When legislators finally agreed on the shape of reforms necessary to keep the debt-ridden program viable and reauthorized the NFIP this year, it looked like a contentious issue was off the legislative table for at least the short term.

Superstorm Sandy may have changed that, though.

During a meeting this month of the Federal Advisory Committee on Insurance, Edward Connor, deputy associate administrator-federal insurance and mitigation administration at the Federal Emergency Management Agency, said the NFIP doe not have the borrowing capacity to meet Sandy-related losses. In fact, the NFIP can borrow less than $3 billion to cover losses that could rise to $12 billion, he said.

The program already is nearly $18 billion in debt for losses stemming from Hurricane Katrina, with its borrowing cap set at $20.7 billion. Mr. Connor said he expects the Department of Homeland Security, of which FEMA is a part, to ask Congress to authorize an increase in FEMA's borrowing capacity.

That might not go over well with a Congress concerned about spending, taxes and the looming “fiscal cliff.” But the NFIP's troubles could be a catalyst to revive consideration of a greater private sector role in covering the peril of flooding.

This isn't a new idea.

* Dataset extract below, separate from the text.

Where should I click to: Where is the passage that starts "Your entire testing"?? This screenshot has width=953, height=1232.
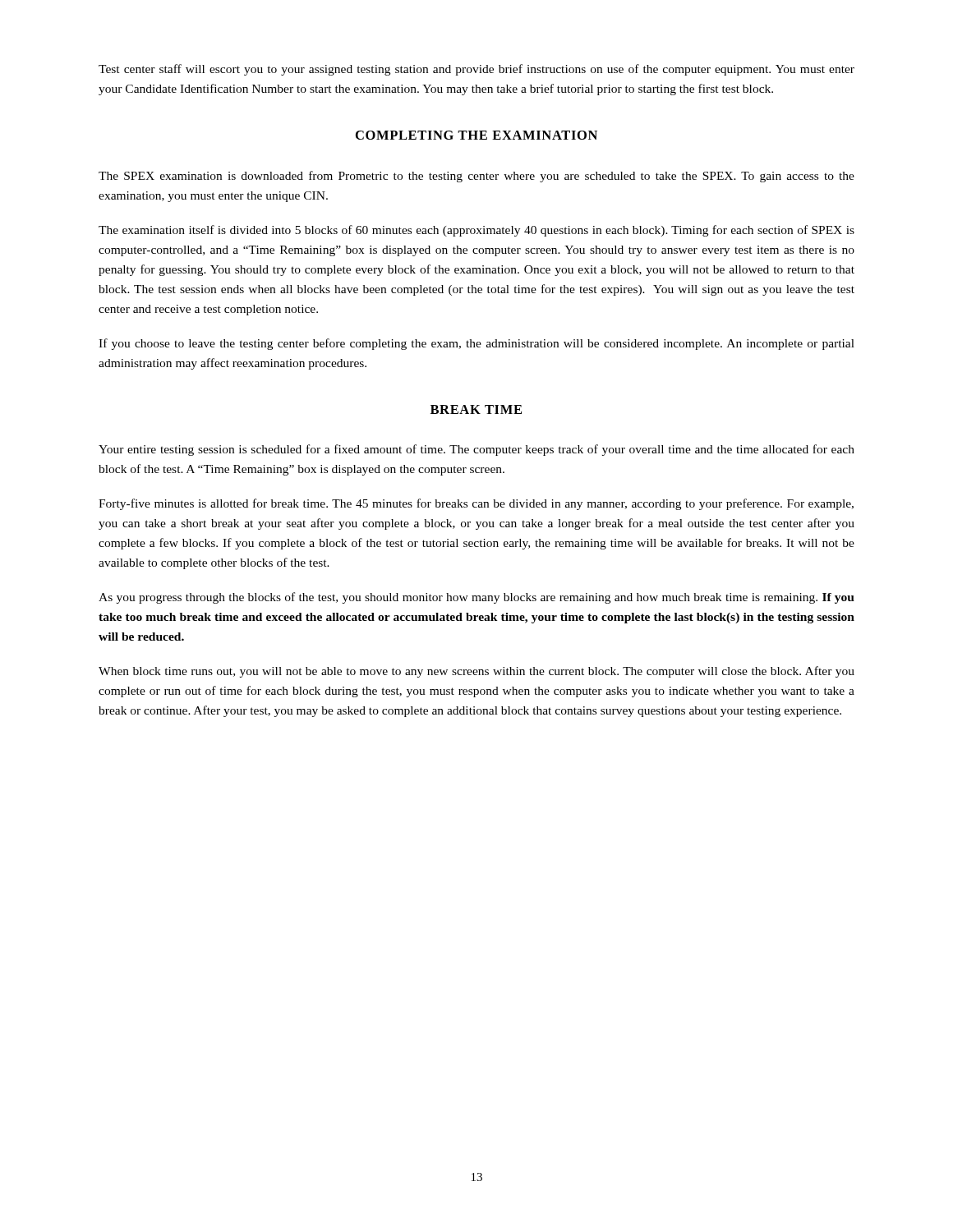476,459
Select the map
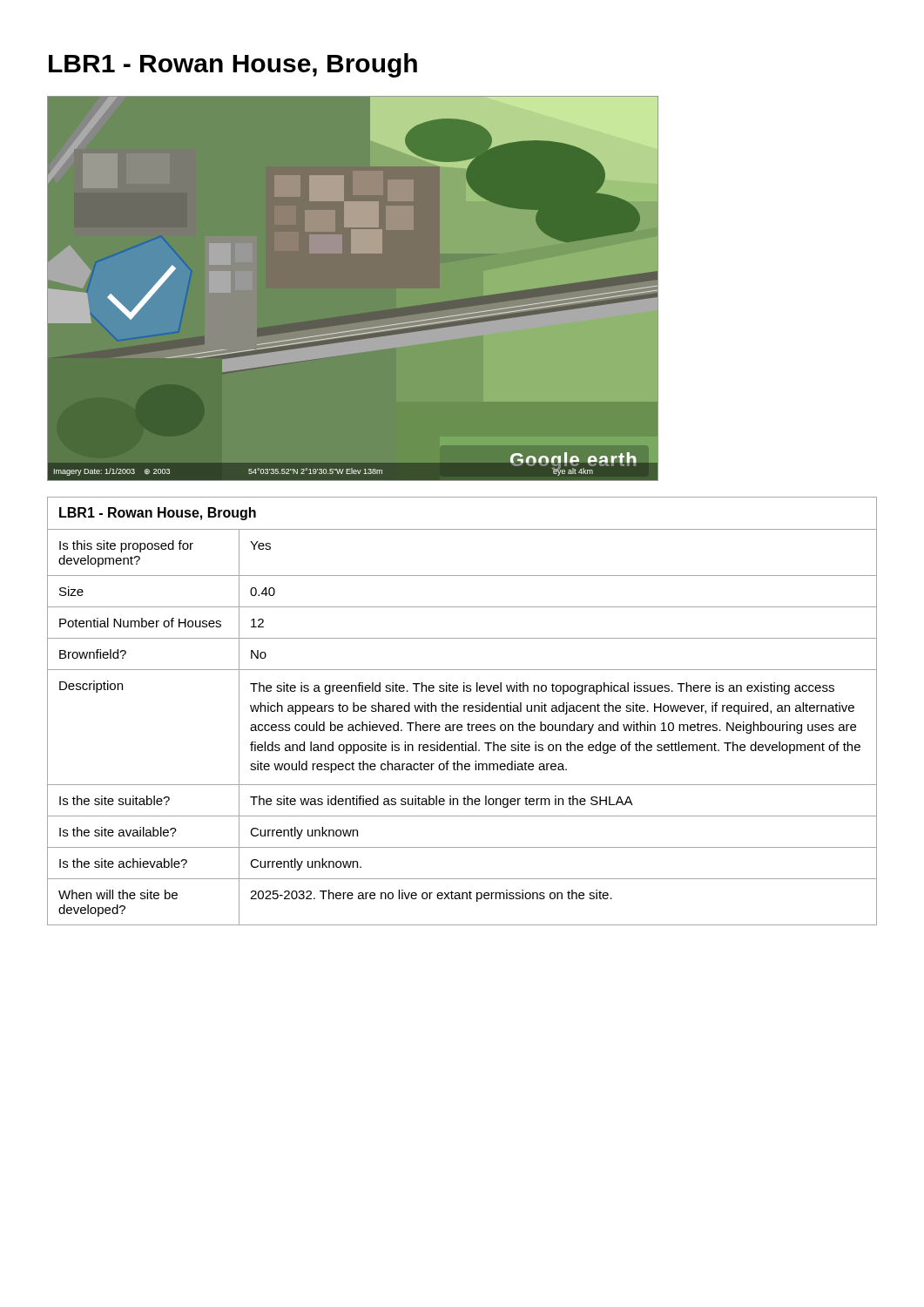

Nearly two years ago during a public hearing on the NFIP, the Reinsurance Association of America and the Association of Bermuda Insurers & Reinsurers argued that the program should be partially or entirely privatized as a means to protect taxpayers.

This is an idea, that should resonate now. After all, commercial flood insurance is available in this country, albeit often layered atop NFIP policies. And the reinsurer organizations said two years ago that the private reinsurance market and capital markets “have the capacity and interest in underwriting flood insurance risk.”

Unfortunately, the challenges facing even a partial privatization of the flood insurance market are less economic than political. A private market would demand premiums set at true risk rates based on sound underwriting. That makes sense in the insurance world, but not necessarily in Washington's world, even when curbing government spending is a must. Too many people would have to pay higher rates for coverage, and that would result in a torrent of complaints washing through lawmakers' offices.

Still, the current situation is untenable. The time to start thinking seriously about some form of privatization of flood coverage was quite a while ago. As the NFIP's debts mount, a debate over how the private sector can reduce some of the federal financial burden stemming from the program is timely and overdue.